The most important statements:

  • Zero Bug Policy: At Linear, bugs have top priority – nobody starts on new features until they are fixed. Artman's logic: Every bug gets fixed eventually – so why not immediately? The result: Customers report a bug and find it fixed the very next day.

  • Opinionated Software (software with a clear stance): Linear is deliberately not flexible for every workflow. There is one good way to do things – and the system guides you there. This reduces decision fatigue and increases speed.
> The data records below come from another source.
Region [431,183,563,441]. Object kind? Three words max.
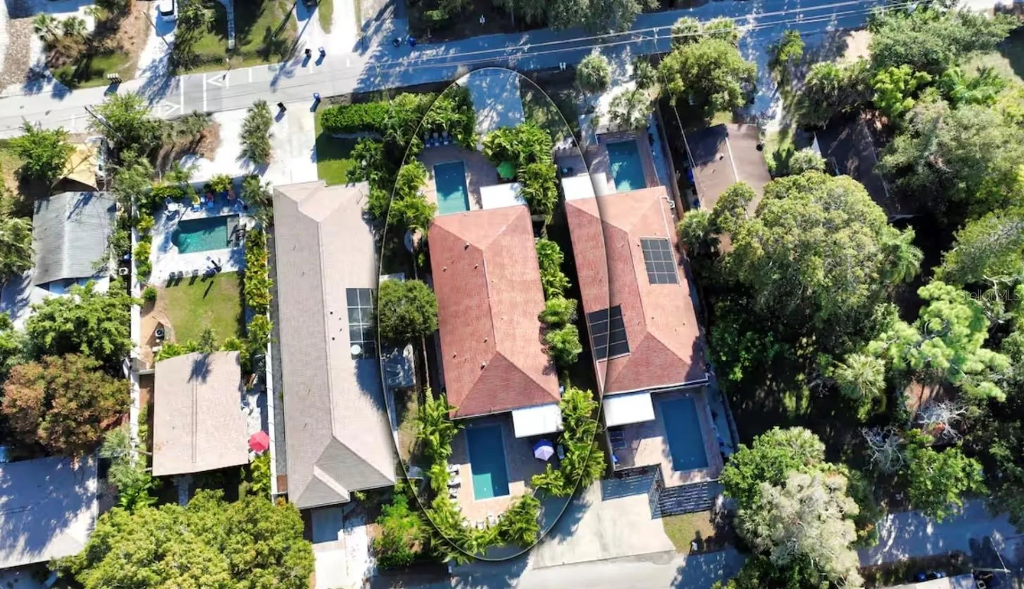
house
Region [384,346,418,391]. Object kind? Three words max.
shed
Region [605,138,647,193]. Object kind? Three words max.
swimming pool
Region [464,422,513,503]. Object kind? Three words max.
swimming pool
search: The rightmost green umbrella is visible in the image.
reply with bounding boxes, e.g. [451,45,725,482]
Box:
[496,161,514,180]
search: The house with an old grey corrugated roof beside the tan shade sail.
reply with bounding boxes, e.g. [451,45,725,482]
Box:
[34,192,124,288]

  • Linear Agent: Linear builds AI directly into the product – not as a chatbot, but as an AI PM that handles triage, backlog grooming, and issue creation. Add to that deep integrations with coding agents via MCP to launch a local agent session directly from an issue.

  • Craftsmanship over metrics: Linear relies on good design and gut instinct – not on endless metrics and optimisation loops.

  • 5-Day Hiring: Anyone applying to Linear comes in for five days and builds something real. No whiteboard interviews, no LeetCode – but real work on the real product. This filters exactly for the kind of person Linear wants: people with a love for detail and craftsmanship.

Personal Note: Alongside Mario Zechner, the discussion with Artman impressed me the most. Everything at Linear is built with a love for design that you can feel immediately – from the product to the hiring process. Honestly: I wouldn't complain about a 5-day trial at Linear.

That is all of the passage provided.